ここ数年でBIO食材や環境 保護などへの意識が高まり、パリでも Jardin partagé(共同庭園)や自宅のベランダで自給自足をしたいという住民が増加して いる。公園の緑地の一画だけではなく、都心部のビルの屋上にも畑を作って野菜を栽培するなど、様々なAgriculture urbaine(都市型農業)の可能性が 広がるパリで、どんな風にガーデニングライフを楽しめるのだろうか?スペシャリストへのインタビューや共同庭園の参加者の様子を通じて、21世紀型エコ・ガーデンをレポート! (Texte et Photos: Atsuko TANAKA)

「緑の手」は誰にでもある。
エコロジーな庭園作りを楽しんで

パリの共同庭園に創立当初から関わり、現在はEco paysagiste(エコ・ペイザジスト)、造園家としてパリ市公認のガーデニング講座を担当するなど、エコ・ガーデンのスペシャリストとして幅広く活躍するセシル・コンタさんにインタビュー。共同庭園の成り立ちからエコ・ガーデンの考え方まで、都市型農業の基礎知識を語ってくれた。

セシルさんCecile CONTAT(セシル・コンタ)
エコ・ペイザジスト(造園家)。パリ生まれ。食品会社に勤務していた2002年、12区の共同庭園に参加。その後、ランドスケープデザイナー、造園家として独立。多様な原産地の植物栽培に精通し、ナチュラルかつコンテンポラリーな庭作りを提唱する。2010年より講師活動を開始、現在はパリ郊外にある国立造園学校の実習生を受け入れ、後進の育成も行う。cecilecontat.fr

Q. 共同庭園のルーツは?

A. Jardin partagé(共同庭園)のルーツは1970年代のニューヨーク、空いた土地を共同で耕したいという市民が働きかけて始まったコミュニティ・ガーデンです。その後パリにも導入したいと市が指揮を執り、2003年に「Charte main verte」(緑の手憲章)というプロジェクトが生まれました。そこから徐々に共同庭園を運営するアソシエーションが増加し、今ではパリ市内に約100前後の共同庭園があります。

Q. パリと近郊の庭園だけで自給自足の可能性は?

A. パリのJardin partagé は創立当初からしばらくの間は、住人達の憩いの場のような、親交を深めるクラブ活動的な意味合いが強かったですね。それが、本当にこの3、4年くらいで有機野菜や果物を育てることにパリジャンも強い関心を持つようになり、たくさんの問い合わせが私のところにも来るようになりました。都市型農業というコンセプトが普及して、今では屋上庭園のプロジェクトも広がっています。

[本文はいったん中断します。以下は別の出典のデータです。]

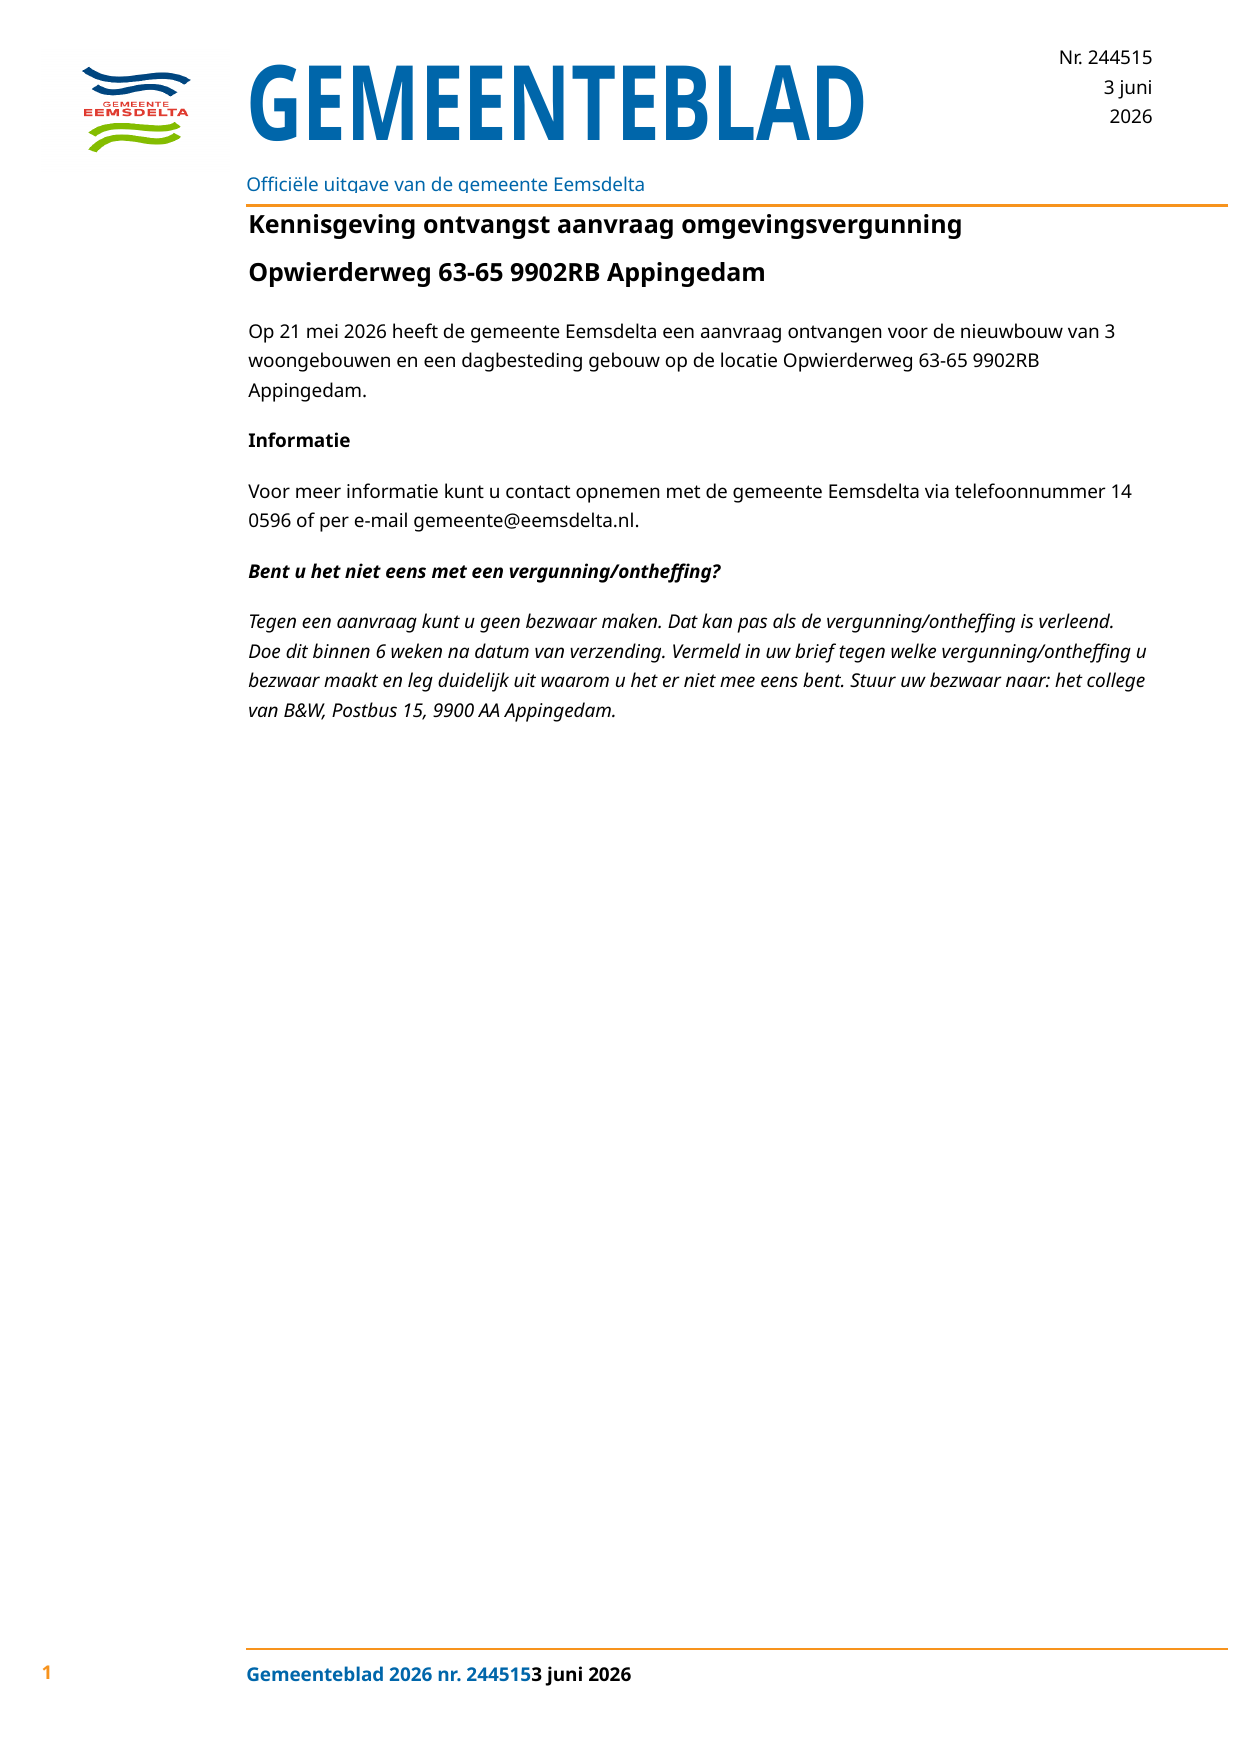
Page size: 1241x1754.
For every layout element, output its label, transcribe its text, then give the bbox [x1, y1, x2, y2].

picture [41, 47, 231, 172]
text Tegen een aanvraag kunt u geen bezwaar maken. Dat kan pas als de vergunning/ontheffing is verleend. Doe dit binnen 6 weken na datum van verzending. Vermeld in uw brief tegen welke vergunning/ontheffing u bezwaar maakt en leg duidelijk uit waarom u het er niet mee eens bent. Stuur uw bezwaar naar: het college van B&W, Postbus 15, 9900 AA Appingedam. [248, 608, 1152, 723]
text Voor meer informatie kunt u contact opnemen met de gemeente Eemsdelta via telefoonnummer 14 0596 of per e-mail gemeente@eemsdelta.nl. [248, 478, 1152, 533]
text Informatie [248, 427, 1152, 453]
text Kennisgeving ontvangst aanvraag omgevingsvergunning Opwierderweg 63-65 9902RB Appingedam [248, 207, 1152, 288]
text Op 21 mei 2026 heeft de gemeente Eemsdelta een aanvraag ontvangen voor de nieuwbouw van 3 woongebouwen en een dagbesteding gebouw op de locatie Opwierderweg 63-65 9902RB Appingedam. [248, 318, 1152, 403]
text Bent u het niet eens met een vergunning/ontheffing? [248, 558, 1152, 584]
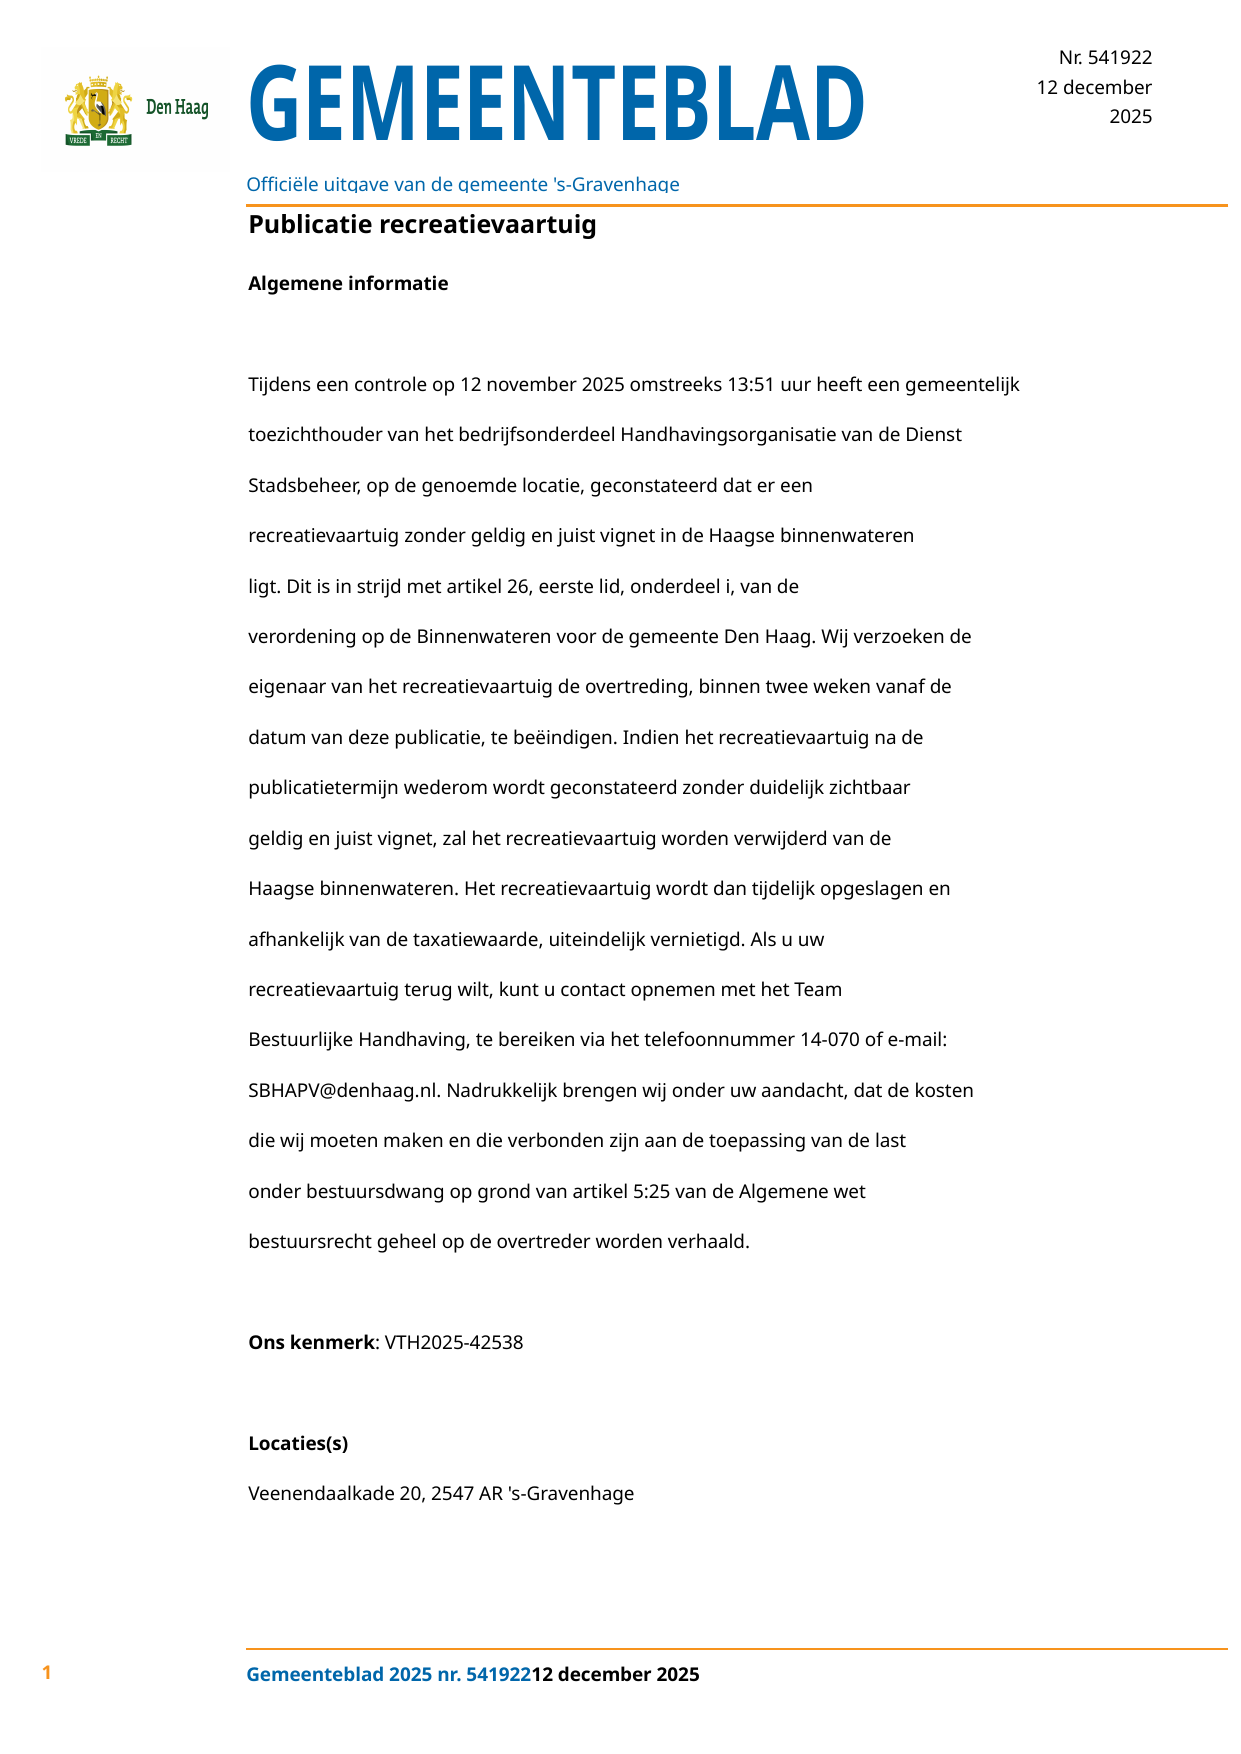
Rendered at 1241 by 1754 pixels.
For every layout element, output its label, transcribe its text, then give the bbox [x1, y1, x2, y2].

text Stadsbeheer, op de genoemde locatie, geconstateerd dat er een [248, 472, 1152, 498]
text afhankelijk van de taxatiewaarde, uiteindelijk vernietigd. Als u uw [248, 926, 1152, 951]
text eigenaar van het recreatievaartuig de overtreding, binnen twee weken vanaf de [248, 674, 1152, 699]
text datum van deze publicatie, te beëindigen. Indien het recreatievaartuig na de [248, 724, 1152, 750]
picture [41, 47, 231, 172]
text Publicatie recreatievaartuig [248, 207, 1152, 241]
text SBHAPV@denhaag.nl. Nadrukkelijk brengen wij onder uw aandacht, dat de kosten [248, 1077, 1152, 1103]
text Locaties(s) [248, 1430, 1152, 1456]
text die wij moeten maken en die verbonden zijn aan de toepassing van de last [248, 1127, 1152, 1153]
text Veenendaalkade 20, 2547 AR 's-Gravenhage [248, 1480, 1152, 1506]
text bestuursrecht geheel op de overtreder worden verhaald. [248, 1228, 1152, 1254]
text recreatievaartuig zonder geldig en juist vignet in de Haagse binnenwateren [248, 522, 1152, 548]
text ligt. Dit is in strijd met artikel 26, eerste lid, onderdeel i, van de [248, 573, 1152, 598]
text Ons kenmerk: VTH2025-42538 [248, 1329, 1152, 1355]
text Bestuurlijke Handhaving, te bereiken via het telefoonnummer 14-070 of e-mail: [248, 1027, 1152, 1052]
text verordening op de Binnenwateren voor de gemeente Den Haag. Wij verzoeken de [248, 623, 1152, 649]
text onder bestuursdwang op grond van artikel 5:25 van de Algemene wet [248, 1178, 1152, 1203]
text recreatievaartuig terug wilt, kunt u contact opnemen met het Team [248, 976, 1152, 1002]
text Haagse binnenwateren. Het recreatievaartuig wordt dan tijdelijk opgeslagen en [248, 875, 1152, 901]
text geldig en juist vignet, zal het recreatievaartuig worden verwijderd van de [248, 825, 1152, 851]
text Tijdens een controle op 12 november 2025 omstreeks 13:51 uur heeft een gemeentelijk [248, 371, 1152, 397]
text Algemene informatie [248, 270, 1152, 296]
text toezichthouder van het bedrijfsonderdeel Handhavingsorganisatie van de Dienst [248, 422, 1152, 447]
text publicatietermijn wederom wordt geconstateerd zonder duidelijk zichtbaar [248, 774, 1152, 800]
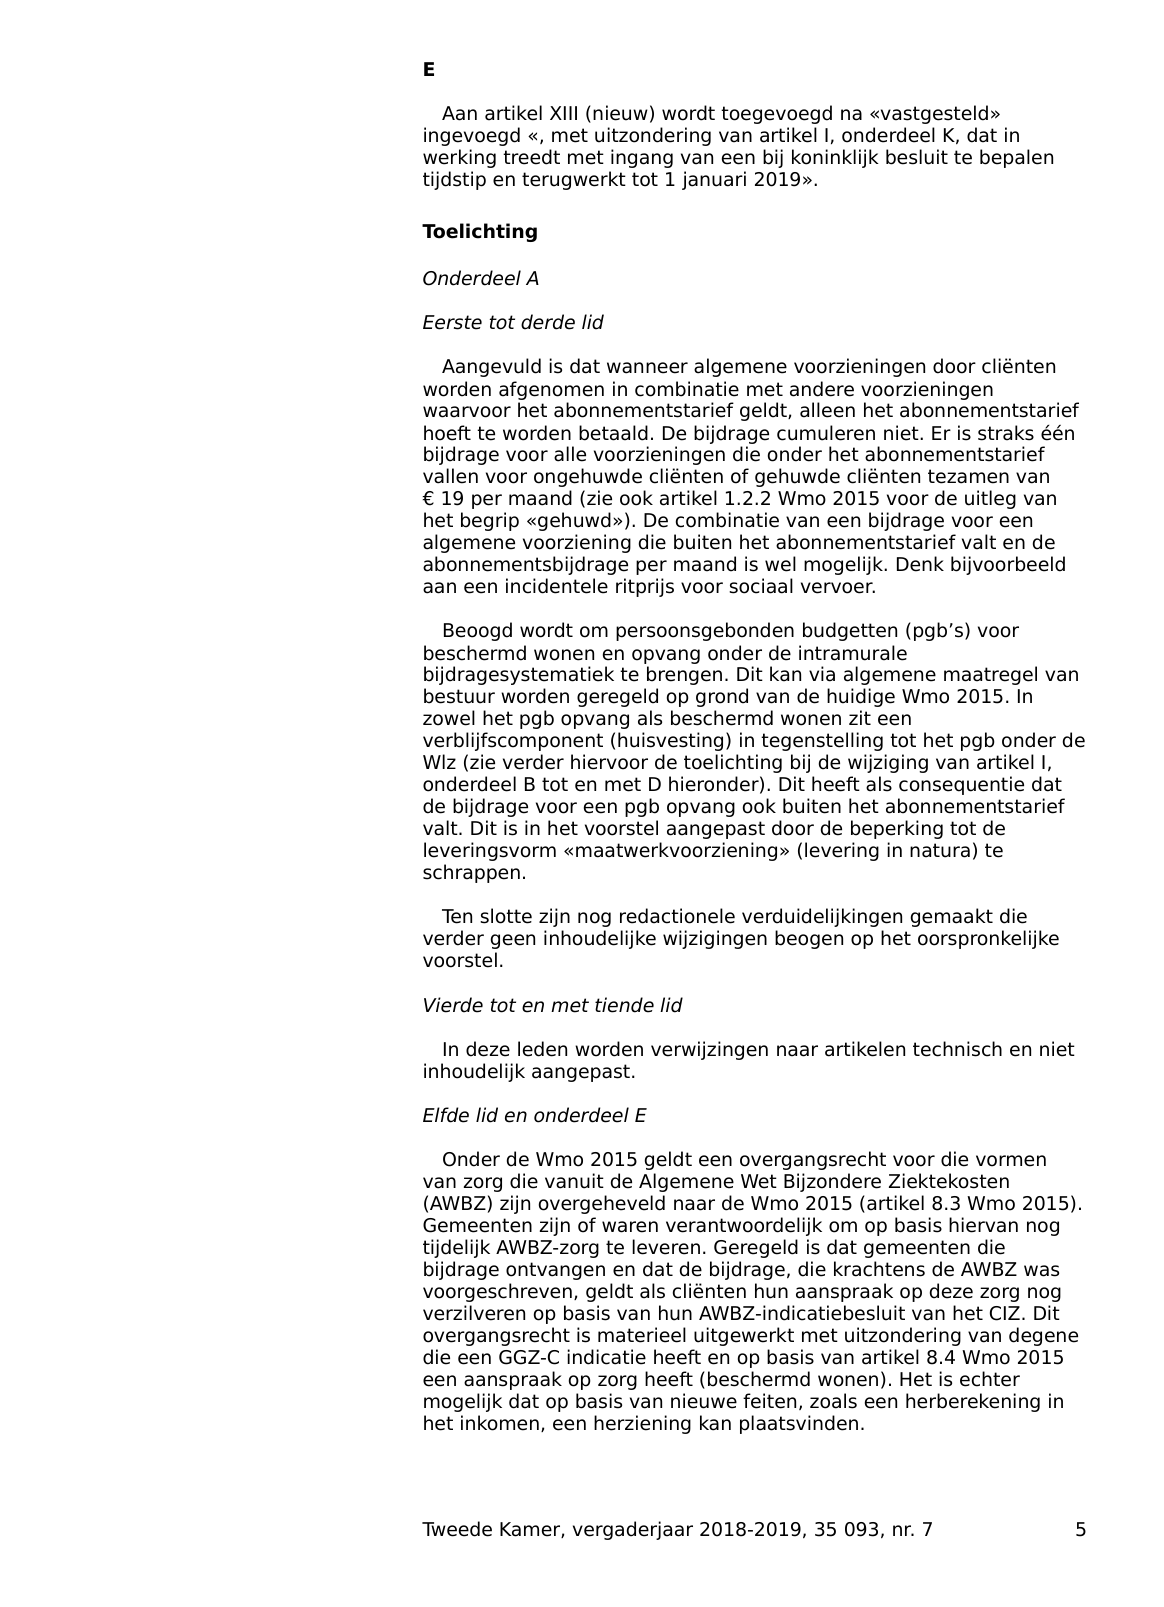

パリと近郊の耕地と人口比率を見ると、完全な自給自足はさすがに無理ですが、昔よりも有機食材が入手しやすくなっていますし、自作の野菜や果物を最大限に取り入れて、環境に優しくオーガニックな食生活を実践することは可能だと思います。

Q. エコ・ペイザジスト(造園家)とは?

A. 化学肥料を使わないオーガニックで、生態系に配慮し たエコ・ガーデンを作ることが第一にありますが、私にとっ てはそれだけでなく、日常生活の中でも環境汚染をできる 限り避けて、持続可能な世界を目指すことも含まれていますね。  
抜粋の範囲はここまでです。